21st century works for solo piano Inspired by the mystic Swedenborg and the composer Dowland, Haglund has written a work in which expressive outbursts are mixed with enigmatic, meditative sections, characterised by a great tranquillity and an underlying spirituality. Pianist Hans Pålsson describes the piece as “10 minutes of wonder, where something inexplicable is hinted at, smarts, and then disappears. Music that bears a riddle without intending to solve it.”

Kimmo Hakola

Theme, 11 Studies and a Grand Cadenza (1998) Dur: 30’

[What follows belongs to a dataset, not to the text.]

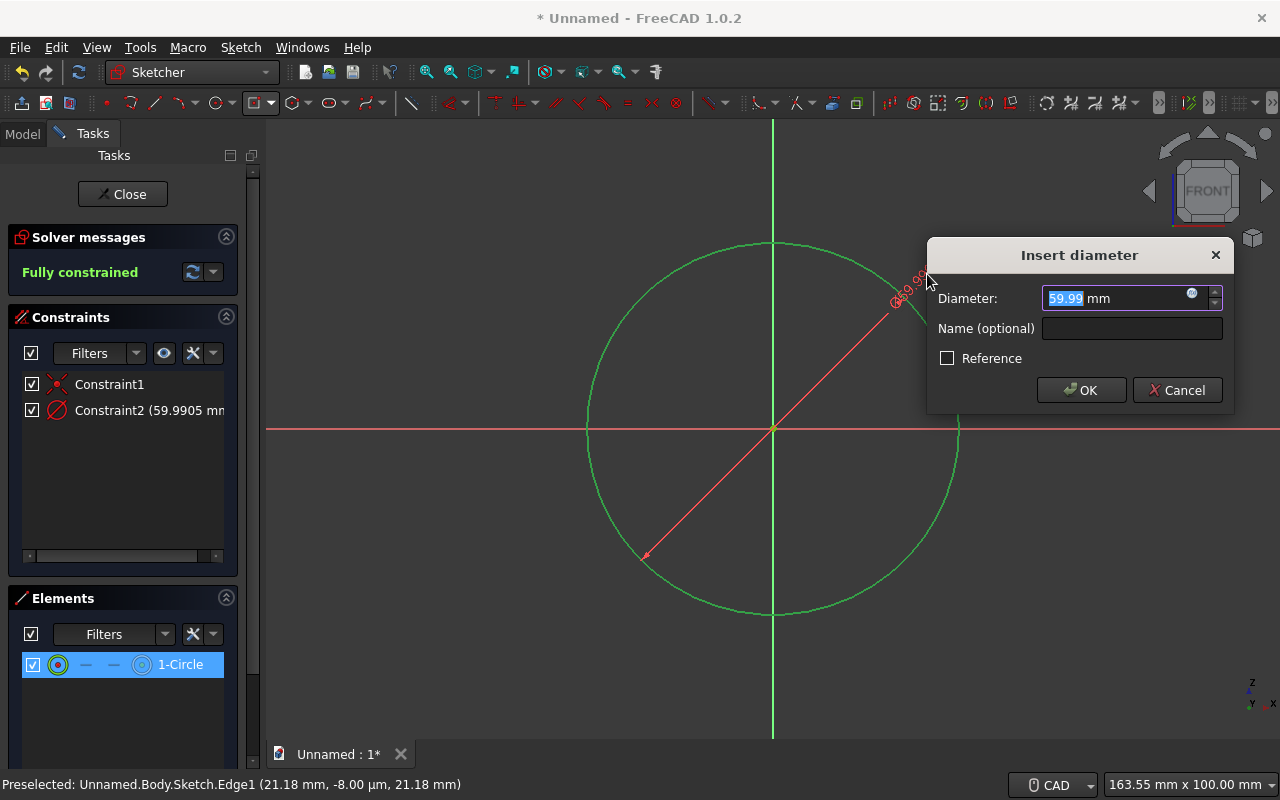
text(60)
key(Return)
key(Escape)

This work was born of the material for Hakola’s monumental piano concerto, for which he had made a comprehensive study of the types of expression used in piano literature. The result is an exciting musical library from the depths of which Hakola conjures forth a dazzling display of keyboard fireworks. Resting on tradition, it opens up new dimensions and is a demonstration of his inexhaustible fund of musical magic.

Paavo Heininen

Mazurki Op. 79 A (2001) Dur: 40’

Mazurkas are basically intimately poetic, says Paavo Heininen. The moods of these 10 mazurkas vary greatly as they test how far they can go both rhythmically and harmonically within the genre. The titles and expression marks reflect the broad scope of the set: mesto, brillante, lugubre, animato orgoglioso, gentle, straight, etc.

Jyrki Linjama

Sonata da chiesa (2010) Dur: 14’

This four-movement Sonata followed in the wake of Linjama’s church opera Die Geburt des Täufers and reflects it in many ways. Medieval motifs combine with diverse handling of the piano that reaches out in different directions: from meditative Psalm format to solemn bell sounds and from virtuosic density to internalised polyphony. Commissioned by the Carinthischer Sommer and premiered by Juho Pohjonen in Ossiach on 13 July 2010.

Rolf Martinsson

Aquarius/Taurus (2006/2011) Dur: 7’/7’

Aquarius and Taurus are the two latest pieces (nos. 9 and 10) in Martinsson´s Zodiac series, where he lets the astrological signs influence the character of each piano piece. Aquarius is independent, imaginative and inventive, while Taurus is a little slow, calm, confident and down-to-earth. Martinsson says that the pieces in the series should be considered noted-down improvisations that embrace what is lively and spontaneous rather than what is structured and worked out.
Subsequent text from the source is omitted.